Even though U.S. leaders assess Iran’s actions – both direct and indirect – as a threat to U.S. and broader Western vital interests, the considerations that have always produced caution in Washington on the question of armed conflict with Iran remain. Any military strike on Iran, even if limited, could result in protracted warfare with Tehran that is certain to encompass the entire region. Any U.S. strike on Iranian targets has the potential to cause the still relatively limited Israel-Hezbollah skirmishing to escalate into full-blown war. Iran’s allies in Iraq are nearly certain to support Tehran by attacking U.S. diplomatic facilities in the country, and Iran-aligned militias in Syria will surely escalate attacks on the 950 U.S. military personnel deployed there to combat the Islamic State organization. Any direct conflict with Iran is certain to be costly – militarily, financially, and diplomatically. Iran has developed sophisticated capabilities, particularly armed drones such as those it is supplying to Moscow, that are sure to produce losses of U.S. weaponry and, possibly, military personnel.

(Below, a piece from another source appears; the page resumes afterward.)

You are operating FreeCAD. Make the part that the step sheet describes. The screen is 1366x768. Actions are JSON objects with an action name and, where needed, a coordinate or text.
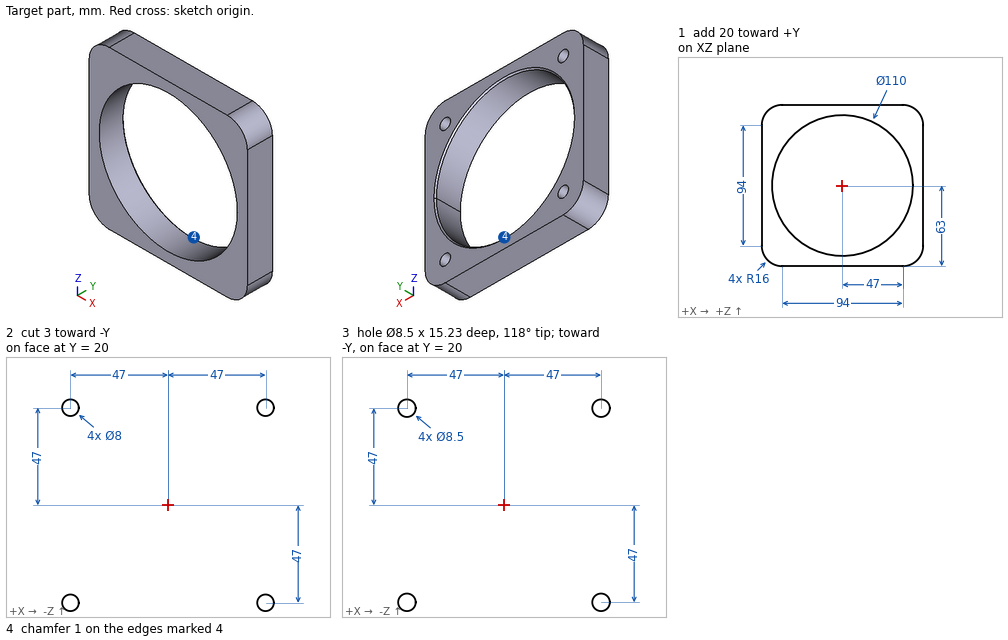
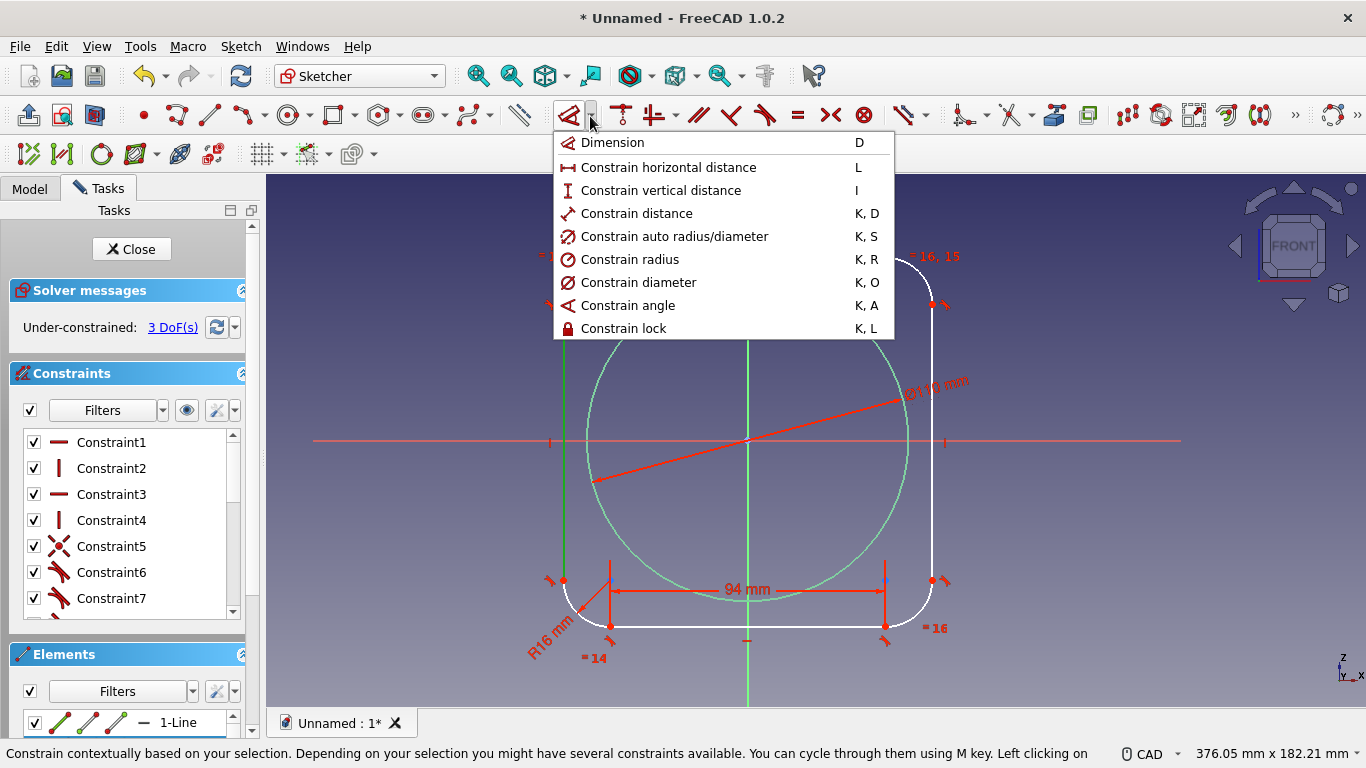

Despite the risk perceptions, the United States and Iran remain steadfast in support of their allies and assess that altering their current policies would have adverse political and strategic consequences. Moreover, the diplomatic pathways for de-escalation appear absent. There are currently no talks underway between Iran and the United States or its European allies, either on Iran’s nuclear program, the status of sanctions, or on regional issues. The major Arab states appear focused primarily on shaping the aftermath of the Israel-Hamas war rather than avoiding conflict between the United States and Iran, although the Kingdom of Saudi Arabia has called for “avoiding escalation” following the U.S./UK strike on the Houthis. Global mediators largely lack leverage with either Washington or Tehran. Still, U.S. and Iranian leaders express awareness of the consequence of all-out warfare and appear to try to calibrate their actions to try to avoid it.